ReporTree represents an integrative workflow from a flexible input to a dynamic reporting of cg/wgMLST data (Fig. 1), with clustering being the central step in the analysis. As such, ReporTree offers widely used and validated algorithms (HC, goeBURST/MSTree, and MSTreeV2) for clustering purposes [4, 21]. Nevertheless, as alternative software for this step is also available, here, we compare ReporTree cgMLST clustering workflows with pHierCC , another commonly used method for routine surveillance and outbreak detection (implemented in Enterobase ). Our results (detailed in Additional file 1: Fig. S1.1 to S1.4) show that despite the conceptual differences of the tested algorithms, in general, the three clustering methods implemented in ReporTree yielded cluster number and composition highly congruent with pHierCC using the four foodborne bacteria datasets described above.

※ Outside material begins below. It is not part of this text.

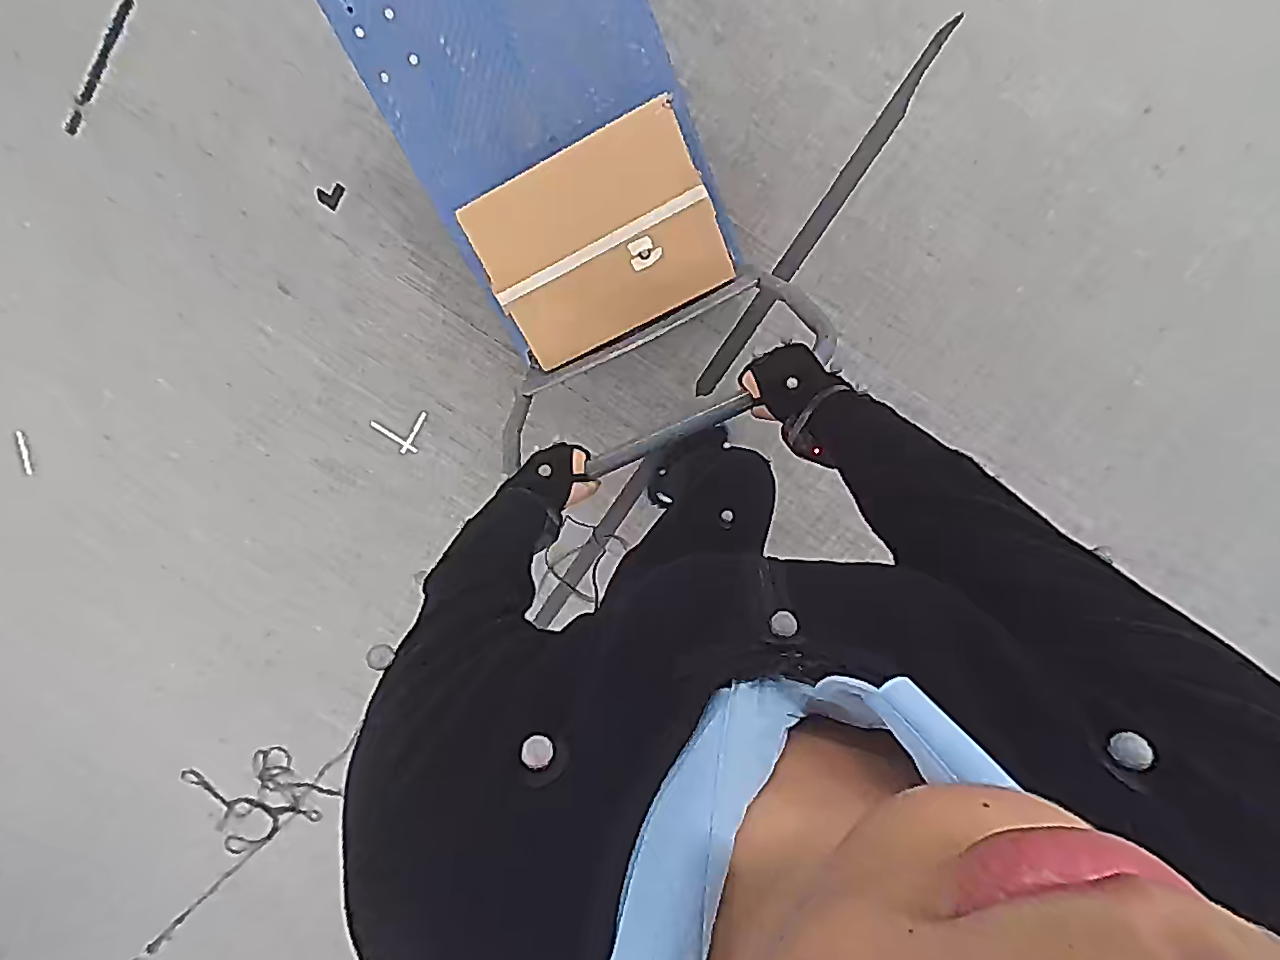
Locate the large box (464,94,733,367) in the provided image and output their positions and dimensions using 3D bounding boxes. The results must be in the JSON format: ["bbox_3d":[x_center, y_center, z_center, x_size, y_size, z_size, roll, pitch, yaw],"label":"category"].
[{"bbox_3d":[-0.077,-0.484,1.108,0.408,0.320,0.320,-26,113,8],"label":"large box"}]

Additionally, in order to assess ReporTree performance in a different context, such as the identification of main populations (or lineages) in a dataset, we have also compared ReporTree with PopPUNK, a k-mer-based clustering tool that relies on machine learning to cluster genomes . As recommended by the respective authors, PopPUNK was applied to assign the genomes of the E. coli dataset to genetic clusters using the existing E. coli reference database (https://www.bacpop.org/poppunk/, assessed on April 24, 2023) with the best fitting model. PopPUNK identified 366 clusters, which were found to be highly congruent with ReporTree cg/wgMLST clustering results at 642 (for MSTree and HC single-linkage) and 724 (for MSTreeV2) allele differences thresholds, with Adjusted Rand coefficients of 0.995 in both cases (Additional file 1: Fig. S2.1). These thresholds fall within one of the stability regions identified by ReporTree, reinforcing the applicability of the nAWC component of ReporTree to detect low-resolution genogroups/lineages for longitudinal surveillance or population structure evaluation.
Alignment-based core-SNP workflow
ReporTree benchmarking for the alignment-based SNP workflow was performed in a laptop [Intel Core i7(R)] with 16 GB of RAM using a publicly available diverse dataset of Mycobacterium tuberculosis [42, 43], which is a bacterial pathogen with a large genome (approximately 4.4 Mb) for which such a workflow is starting to be routinely applied for surveillance. As input for this benchmarking, we used a filtered alignment comprising the maximum number of informative sites (a total of 88,562 nucleotide sites with at least one mutation in a given sequence) observed in the comparison of 1788 M. tuberculosis genomes (Fig. 3). Similar to the cg/wgMLST workflow, we generated sub-datasets of randomly selected isolates with between 200 and the maximum number of isolates in a 200-isolates step, with ten replicates per sub-dataset size, and requesting summary reports at all possible partition levels with (i) GrapeTree analysis (MSTreeV2 algorithm) and (ii) HC analysis (single-linkage algorithm). Additional runs with all isolates and requesting summary reports at potential transmission chain resolution (12 SNPs) and at stable regions were also performed. Running time was assessed using “--site-inclusion” of 1.0 (true core alignment, i.e., only ATCG) and 0.95 (core alignment tolerating 5% of undefined nucleotides per site), as a way to simulate two likely applications of ReporTree. The first one more likely suits clustering of large and diverse datasets, while the second one is more likely to be applied when fine resolution is needed (e.g., to enhance the resolution in clusters identified with less discriminatory genotyping methods).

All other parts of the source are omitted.